Von Béziers bekamen wir eine Verbindung über Toulouse nach Lourdes, wo wir gerade rechtzeitig zur Abendprozession eintrafen. Wir trotteten den Hügel hinunter und mischten uns unter die Wallfahrer, die sich aus allen Richtungen dem Pilgerstrom anschlossen, der sich in Richtung Grotte bewegte. Wir hatten ein ruhiges Städtchen erwartet, mit ein paar um eine tröpfelnde Quelle versammelten Nonnen, stattdessen fühlte ich mich, als würde ich inmitten einer Menschenmasse nach einem Fußßballspiel stecken. Vollgestopft mit Pizzerias, Dönerbuden und grell erleuchteten Bars, war Lourdes das S’Arenal der Christenheit. Ein Souvenirladen reihte sich an den nächsten, mit Namen wie »A la Grâce de Dieu« oder »Mystères de Marie«. Jeder von ihnen versuchte, die Konkurrenz mit seiner Auswahl an Gedenktassen, Fächern, Türstoppern und Jesus-Feuerzeugen zu übertrumpfen. Verwirrt grinsend deutete Jem auf eine 30 Zentimeter große fluoreszierende Statue der Jungfrau Maria, die schräg über uns aufgehängt war.
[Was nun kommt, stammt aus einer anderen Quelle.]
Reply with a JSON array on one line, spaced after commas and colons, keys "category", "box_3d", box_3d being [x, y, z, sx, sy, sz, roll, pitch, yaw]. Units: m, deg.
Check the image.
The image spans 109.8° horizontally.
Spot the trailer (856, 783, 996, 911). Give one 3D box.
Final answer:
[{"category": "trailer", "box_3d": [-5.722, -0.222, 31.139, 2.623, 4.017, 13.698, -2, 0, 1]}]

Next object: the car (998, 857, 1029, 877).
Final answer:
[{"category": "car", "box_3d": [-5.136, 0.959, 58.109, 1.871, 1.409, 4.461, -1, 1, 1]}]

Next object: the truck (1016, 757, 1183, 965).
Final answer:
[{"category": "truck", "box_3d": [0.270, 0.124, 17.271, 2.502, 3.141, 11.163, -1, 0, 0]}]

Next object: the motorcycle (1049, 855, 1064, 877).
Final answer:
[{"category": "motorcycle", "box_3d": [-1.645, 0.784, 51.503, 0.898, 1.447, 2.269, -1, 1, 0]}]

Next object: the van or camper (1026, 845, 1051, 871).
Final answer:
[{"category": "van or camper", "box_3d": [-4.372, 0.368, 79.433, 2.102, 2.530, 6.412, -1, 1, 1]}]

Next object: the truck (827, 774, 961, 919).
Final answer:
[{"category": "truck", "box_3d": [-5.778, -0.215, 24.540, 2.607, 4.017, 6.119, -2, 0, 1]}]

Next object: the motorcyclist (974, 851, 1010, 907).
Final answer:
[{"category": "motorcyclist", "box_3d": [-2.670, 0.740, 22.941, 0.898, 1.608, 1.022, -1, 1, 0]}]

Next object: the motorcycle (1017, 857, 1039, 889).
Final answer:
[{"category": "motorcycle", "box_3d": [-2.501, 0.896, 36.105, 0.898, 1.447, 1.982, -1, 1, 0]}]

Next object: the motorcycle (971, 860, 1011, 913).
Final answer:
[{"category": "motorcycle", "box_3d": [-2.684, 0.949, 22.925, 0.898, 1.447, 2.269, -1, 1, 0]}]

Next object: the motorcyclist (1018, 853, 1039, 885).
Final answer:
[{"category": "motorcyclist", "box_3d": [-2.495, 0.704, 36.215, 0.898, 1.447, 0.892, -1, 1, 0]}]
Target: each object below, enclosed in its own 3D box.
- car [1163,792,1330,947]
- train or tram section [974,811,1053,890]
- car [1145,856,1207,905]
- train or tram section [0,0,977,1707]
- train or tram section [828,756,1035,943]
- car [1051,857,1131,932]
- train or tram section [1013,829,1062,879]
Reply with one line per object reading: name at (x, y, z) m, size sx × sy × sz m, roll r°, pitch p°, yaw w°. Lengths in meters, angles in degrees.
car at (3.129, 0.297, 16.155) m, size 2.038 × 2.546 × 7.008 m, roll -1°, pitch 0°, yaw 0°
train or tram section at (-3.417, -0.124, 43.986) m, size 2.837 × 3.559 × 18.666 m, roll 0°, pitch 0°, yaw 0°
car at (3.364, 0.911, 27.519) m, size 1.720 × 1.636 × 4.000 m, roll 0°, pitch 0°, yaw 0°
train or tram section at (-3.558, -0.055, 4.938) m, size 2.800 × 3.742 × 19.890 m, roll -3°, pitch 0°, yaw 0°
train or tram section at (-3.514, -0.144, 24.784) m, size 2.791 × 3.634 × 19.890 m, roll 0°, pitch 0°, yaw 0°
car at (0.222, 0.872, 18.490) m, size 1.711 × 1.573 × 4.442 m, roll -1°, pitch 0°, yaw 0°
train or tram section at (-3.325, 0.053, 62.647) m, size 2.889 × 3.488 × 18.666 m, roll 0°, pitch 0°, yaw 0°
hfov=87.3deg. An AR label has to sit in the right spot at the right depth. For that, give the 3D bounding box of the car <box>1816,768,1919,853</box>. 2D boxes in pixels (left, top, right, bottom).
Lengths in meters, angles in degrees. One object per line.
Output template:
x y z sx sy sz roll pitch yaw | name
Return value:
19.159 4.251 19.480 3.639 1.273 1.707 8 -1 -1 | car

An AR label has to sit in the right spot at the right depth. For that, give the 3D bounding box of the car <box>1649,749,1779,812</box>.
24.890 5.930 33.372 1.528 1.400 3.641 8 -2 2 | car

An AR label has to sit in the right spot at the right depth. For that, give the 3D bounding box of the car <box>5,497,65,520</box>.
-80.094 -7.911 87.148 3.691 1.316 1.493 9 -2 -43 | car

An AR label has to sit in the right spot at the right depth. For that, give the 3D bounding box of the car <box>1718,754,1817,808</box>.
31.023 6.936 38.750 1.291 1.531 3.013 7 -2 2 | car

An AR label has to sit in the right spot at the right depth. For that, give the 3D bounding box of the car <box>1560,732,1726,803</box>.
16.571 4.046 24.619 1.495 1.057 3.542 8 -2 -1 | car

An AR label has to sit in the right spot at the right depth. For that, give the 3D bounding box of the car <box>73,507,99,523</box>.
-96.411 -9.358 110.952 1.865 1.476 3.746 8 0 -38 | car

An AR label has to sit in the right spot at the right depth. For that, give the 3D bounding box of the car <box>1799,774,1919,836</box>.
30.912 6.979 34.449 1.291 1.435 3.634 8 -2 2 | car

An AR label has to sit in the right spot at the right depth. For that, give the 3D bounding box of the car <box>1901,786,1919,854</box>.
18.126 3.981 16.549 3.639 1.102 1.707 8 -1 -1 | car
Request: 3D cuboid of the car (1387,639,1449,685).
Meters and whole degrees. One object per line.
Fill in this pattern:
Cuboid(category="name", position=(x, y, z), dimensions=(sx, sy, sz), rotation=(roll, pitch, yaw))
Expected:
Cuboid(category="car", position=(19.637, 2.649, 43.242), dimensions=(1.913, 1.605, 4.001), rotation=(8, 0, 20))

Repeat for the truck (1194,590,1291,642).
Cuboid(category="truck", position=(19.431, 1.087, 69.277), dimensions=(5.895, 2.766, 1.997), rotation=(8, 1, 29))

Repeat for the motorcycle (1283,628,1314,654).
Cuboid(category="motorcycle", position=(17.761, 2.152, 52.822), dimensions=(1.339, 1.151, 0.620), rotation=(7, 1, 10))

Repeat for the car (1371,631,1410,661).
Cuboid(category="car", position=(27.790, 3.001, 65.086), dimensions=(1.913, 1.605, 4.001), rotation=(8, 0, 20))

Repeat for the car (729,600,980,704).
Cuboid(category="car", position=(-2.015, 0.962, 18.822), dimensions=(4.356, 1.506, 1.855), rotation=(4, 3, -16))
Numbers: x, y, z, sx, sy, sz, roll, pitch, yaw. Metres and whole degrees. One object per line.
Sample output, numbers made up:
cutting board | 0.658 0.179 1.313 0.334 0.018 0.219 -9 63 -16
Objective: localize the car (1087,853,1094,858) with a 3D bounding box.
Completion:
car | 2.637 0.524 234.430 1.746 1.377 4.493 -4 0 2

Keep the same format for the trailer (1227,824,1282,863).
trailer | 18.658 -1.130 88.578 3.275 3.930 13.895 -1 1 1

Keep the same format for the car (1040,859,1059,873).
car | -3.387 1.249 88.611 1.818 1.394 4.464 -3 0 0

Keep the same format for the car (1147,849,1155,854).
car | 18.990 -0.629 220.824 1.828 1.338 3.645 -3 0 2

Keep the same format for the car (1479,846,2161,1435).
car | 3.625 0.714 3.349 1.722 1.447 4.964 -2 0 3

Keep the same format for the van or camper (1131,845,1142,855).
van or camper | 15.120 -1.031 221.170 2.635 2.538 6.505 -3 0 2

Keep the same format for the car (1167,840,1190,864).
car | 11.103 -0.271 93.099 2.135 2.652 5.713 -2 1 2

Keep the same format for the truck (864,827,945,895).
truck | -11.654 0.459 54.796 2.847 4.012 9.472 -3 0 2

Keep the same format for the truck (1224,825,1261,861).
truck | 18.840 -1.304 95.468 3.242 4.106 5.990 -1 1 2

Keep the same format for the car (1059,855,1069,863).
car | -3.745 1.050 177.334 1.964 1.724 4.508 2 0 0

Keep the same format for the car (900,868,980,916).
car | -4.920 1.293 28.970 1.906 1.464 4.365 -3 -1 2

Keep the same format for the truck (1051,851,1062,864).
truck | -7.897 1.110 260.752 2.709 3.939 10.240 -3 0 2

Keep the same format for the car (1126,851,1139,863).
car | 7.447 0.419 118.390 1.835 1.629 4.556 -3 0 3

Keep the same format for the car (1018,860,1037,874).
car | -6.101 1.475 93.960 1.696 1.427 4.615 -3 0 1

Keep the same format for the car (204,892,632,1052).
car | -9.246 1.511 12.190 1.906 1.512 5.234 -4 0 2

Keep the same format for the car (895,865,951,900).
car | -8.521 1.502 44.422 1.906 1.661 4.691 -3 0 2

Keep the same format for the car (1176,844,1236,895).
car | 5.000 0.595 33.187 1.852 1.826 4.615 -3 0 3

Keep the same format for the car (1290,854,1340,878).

»Kannst du dir vorstellen, du wachst nachts auf und dieses Ding starrt dich an?«
»Oder soll dein Auto vielleicht nach dem Papst riechen?«, fragte ich zurück und zeigte auf eine Kollektion von Autosprays, die angeblich den Duft von Heiligen verströmten.
»Wie riecht denn Jeanne d’Arc? Wie Holzkohle?«
Jeder dieser Religionssupermärkte war vollgestopft mit Ansichtskarten, Rosenkränzen, Schneekugeln, Gemälden, Weihrauch und Wunderwasserfläschchen. Je näher man der Grotte kam, desto teurer wurde es.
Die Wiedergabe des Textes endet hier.